I think this is probably the most important meta-issue that the "XML" world 
has to face.  If a fork occurs, this will probably be the rock that it 
forks around, because the W3C has already build two classes of 
Recommendations -- those built on the Infoset (DOM [sortof], 
XPath/XSLT/XQuery, XSDL, and SOAP) and those built on the syntax.  But this 
is a permathread, and we've all stated our positions numerous times.

I don't think the "alternative syntaxes aren't XML" position is 
demonstrated in the real world, FWIW, whatever its philosophical merits.  
The classic example is that you can use DOM in a browser (if you're 
careful) irrespective of whether the input document is XHTML, valid HTML, 
or tag soup that the browser "fixed up" into an Infoset.  Other examples 
are the various SAX parsers for non-XML syntaxes that generate documents 
that can be transformed with XSLT (see www.wikiml.org for one example, if 
memory serves). XQuery is designed to (and empirically can, in a demo that 
Dare was showing at XML 2002) query an infoset that is concretely realized 
in an SQL database as if it were "XML". If some tool turns a syntax into a 
form that DOM and XSLT can work with, it passes the XML "smell test" as far 
as I'm concerned. We could argue about whether these are best practices or 
good things, but they exist.

> I also think its important for there to be a plethora of languages. One 
> language does not fit all. Competition is good. I do not believe in the 
> centralized "There can be only one" philosophy.

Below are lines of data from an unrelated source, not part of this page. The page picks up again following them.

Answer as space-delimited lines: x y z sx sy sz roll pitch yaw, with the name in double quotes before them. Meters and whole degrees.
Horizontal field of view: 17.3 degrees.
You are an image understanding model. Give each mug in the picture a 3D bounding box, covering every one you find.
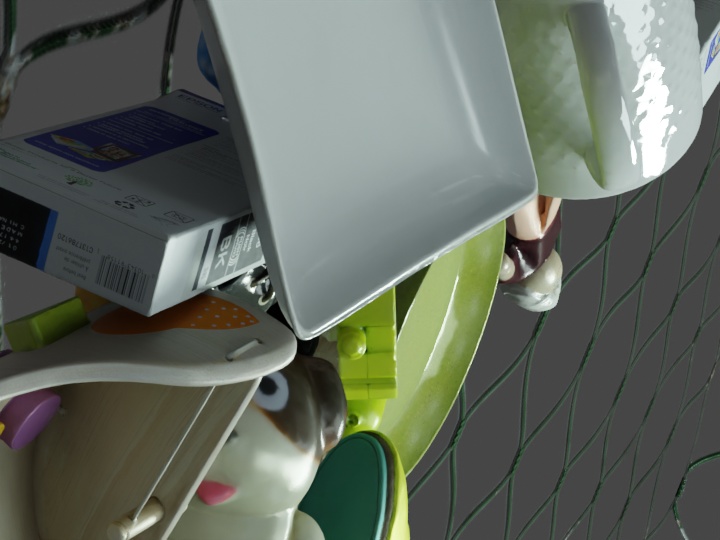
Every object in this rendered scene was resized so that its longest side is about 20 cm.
"mug" 0.133 -0.136 1.415 0.176 0.147 0.200 76 2 -48

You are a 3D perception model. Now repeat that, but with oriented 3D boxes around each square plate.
"square plate" -0.004 -0.095 0.997 0.198 0.028 0.201 -31 109 -50

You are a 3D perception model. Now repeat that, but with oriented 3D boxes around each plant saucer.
"plant saucer" 0.038 0.041 1.499 0.200 0.031 0.200 -56 160 -33

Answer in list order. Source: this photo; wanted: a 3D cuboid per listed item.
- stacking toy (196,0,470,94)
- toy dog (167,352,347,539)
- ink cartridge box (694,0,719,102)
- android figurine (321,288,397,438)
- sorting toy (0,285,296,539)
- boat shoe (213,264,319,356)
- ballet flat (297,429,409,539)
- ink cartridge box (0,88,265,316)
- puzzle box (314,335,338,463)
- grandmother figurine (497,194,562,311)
"stacking toy" 0.000 -0.105 1.168 0.200 0.116 0.110 42 69 -79
"toy dog" -0.069 0.126 1.175 0.194 0.139 0.201 -56 161 -60
"ink cartridge box" 0.309 -0.206 2.099 0.200 0.039 0.100 -52 157 -41
"android figurine" 0.000 0.000 1.278 0.200 0.041 0.183 -80 169 -79
"sorting toy" -0.152 0.084 0.937 0.180 0.107 0.200 -17 146 -49
"boat shoe" -0.060 -0.002 1.177 0.069 0.056 0.200 -64 163 -15
"ballet flat" -0.011 0.186 1.259 0.067 0.067 0.201 25 78 -50
"ink cartridge box" -0.082 -0.033 0.997 0.200 0.099 0.039 -27 136 -64
"puzzle box" 0.010 0.055 1.527 0.200 0.025 0.133 -49 155 -50
"grandmother figurine" 0.126 -0.038 1.725 0.121 0.060 0.200 -49 154 -27
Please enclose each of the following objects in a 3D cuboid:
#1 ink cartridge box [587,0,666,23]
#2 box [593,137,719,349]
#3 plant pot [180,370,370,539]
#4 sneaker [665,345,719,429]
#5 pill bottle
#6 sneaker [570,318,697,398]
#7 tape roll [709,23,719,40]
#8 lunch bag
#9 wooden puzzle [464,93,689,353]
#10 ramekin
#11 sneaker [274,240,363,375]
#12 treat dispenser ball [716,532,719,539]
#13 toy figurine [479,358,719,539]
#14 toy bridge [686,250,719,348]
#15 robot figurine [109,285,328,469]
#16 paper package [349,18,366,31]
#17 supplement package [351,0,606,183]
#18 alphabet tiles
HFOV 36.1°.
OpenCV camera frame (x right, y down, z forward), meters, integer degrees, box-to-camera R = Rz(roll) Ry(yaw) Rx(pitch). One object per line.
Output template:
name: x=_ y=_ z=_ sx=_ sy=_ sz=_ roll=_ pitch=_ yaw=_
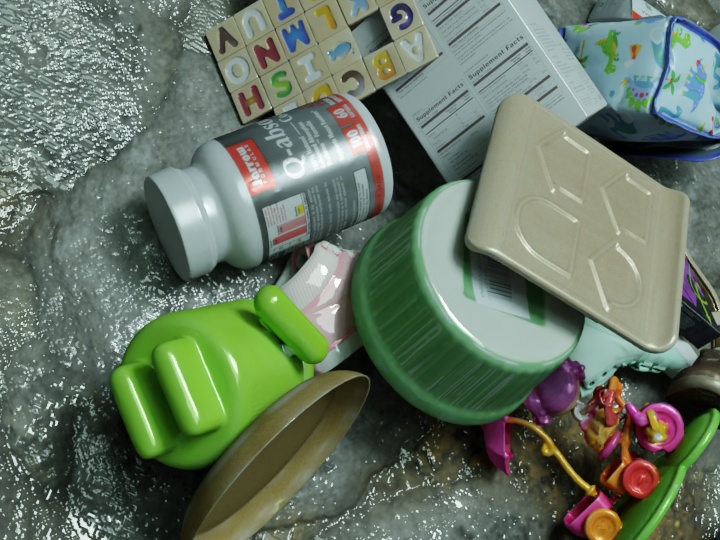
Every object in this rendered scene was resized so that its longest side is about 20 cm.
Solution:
ink cartridge box: x=0.367 y=-0.264 z=1.263 sx=0.158 sy=0.200 sz=0.048 roll=30 pitch=94 yaw=-15
box: x=0.300 y=-0.030 z=1.154 sx=0.142 sy=0.036 sz=0.202 roll=30 pitch=34 yaw=-43
plant pot: x=-0.069 y=0.149 z=0.855 sx=0.027 sy=0.201 sz=0.199 roll=42 pitch=54 yaw=17
sneaker: x=0.344 y=0.105 z=1.092 sx=0.069 sy=0.200 sz=0.077 roll=11 pitch=78 yaw=20
pill bottle: x=-0.080 y=-0.071 z=0.967 sx=0.197 sy=0.116 sz=0.117 roll=-24 pitch=82 yaw=-21
sneaker: x=0.268 y=0.091 z=1.147 sx=0.200 sy=0.074 sz=0.119 roll=38 pitch=91 yaw=-33
tape roll: x=0.532 y=-0.245 z=1.434 sx=0.199 sy=0.037 sz=0.207 roll=11 pitch=66 yaw=-25
lunch bag: x=0.324 y=-0.186 z=1.199 sx=0.198 sy=0.169 sz=0.130 roll=13 pitch=90 yaw=-38
wooden puzzle: x=0.186 y=-0.038 z=0.952 sx=0.198 sy=0.046 sz=0.187 roll=27 pitch=51 yaw=-11
ramekin: x=0.099 y=0.021 z=0.952 sx=0.197 sy=0.098 sz=0.203 roll=15 pitch=56 yaw=-24
sneaker: x=0.000 y=0.000 z=1.017 sx=0.199 sy=0.075 sz=0.105 roll=-37 pitch=95 yaw=-30
treat dispenser ball: x=0.438 y=0.305 z=1.059 sx=0.198 sy=0.201 sz=0.205 roll=11 pitch=65 yaw=-24
toy figurine: x=0.201 y=0.151 z=1.025 sx=0.183 sy=0.150 sz=0.201 roll=39 pitch=94 yaw=4
toy bridge: x=0.377 y=0.059 z=1.231 sx=0.066 sy=0.027 sz=0.204 roll=-4 pitch=73 yaw=-31
robot figurine: x=-0.110 y=0.085 z=0.864 sx=0.117 sy=0.174 sz=0.199 roll=63 pitch=23 yaw=7
paper package: x=0.064 y=-0.352 z=1.119 sx=0.189 sy=0.200 sz=0.105 roll=-22 pitch=77 yaw=-34
supplement package: x=0.119 y=-0.196 z=1.087 sx=0.202 sy=0.150 sz=0.152 roll=55 pitch=23 yaw=1
alphabet tiles: x=-0.046 y=-0.229 z=1.041 sx=0.170 sy=0.197 sz=0.008 roll=66 pitch=13 yaw=8
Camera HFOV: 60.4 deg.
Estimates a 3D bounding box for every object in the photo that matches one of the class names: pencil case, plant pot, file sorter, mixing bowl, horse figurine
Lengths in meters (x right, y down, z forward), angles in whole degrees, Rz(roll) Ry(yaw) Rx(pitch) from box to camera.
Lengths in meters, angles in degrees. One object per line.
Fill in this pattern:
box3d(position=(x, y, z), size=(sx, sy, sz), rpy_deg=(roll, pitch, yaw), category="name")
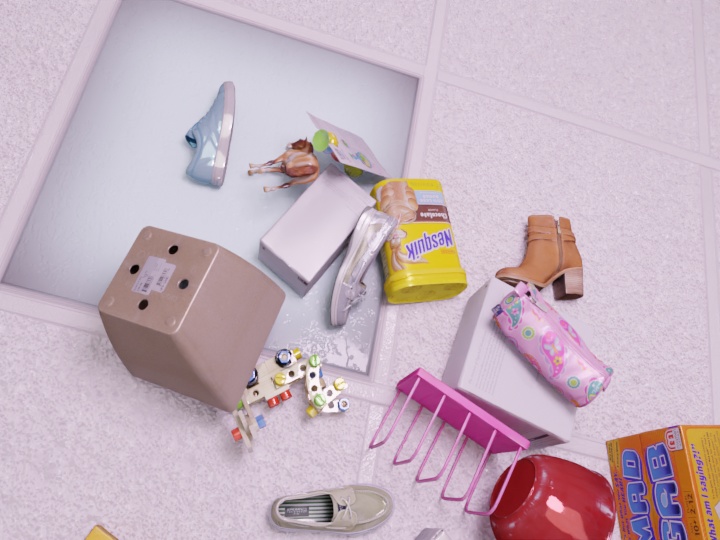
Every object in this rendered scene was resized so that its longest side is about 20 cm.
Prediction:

I certainly agree with this! To fork, or to accomodate, should be made on 
pragmatic rather than philosophical or marketing grounds.  If the data- 
markup-language and the text-markup-language don't really share all that 
much, they should fork.  But let's not do this lightly... remember that 
long list of things one gets "for free" with XML because it is universally 
supported.  If half (ahem, more like 90%) of the vendors and customers fork 
off to something new, hard-core XML people will long for the good old days 
when the data-oriented people were whining about DTDs and PIs rather than 
ignoring XML completely. :-)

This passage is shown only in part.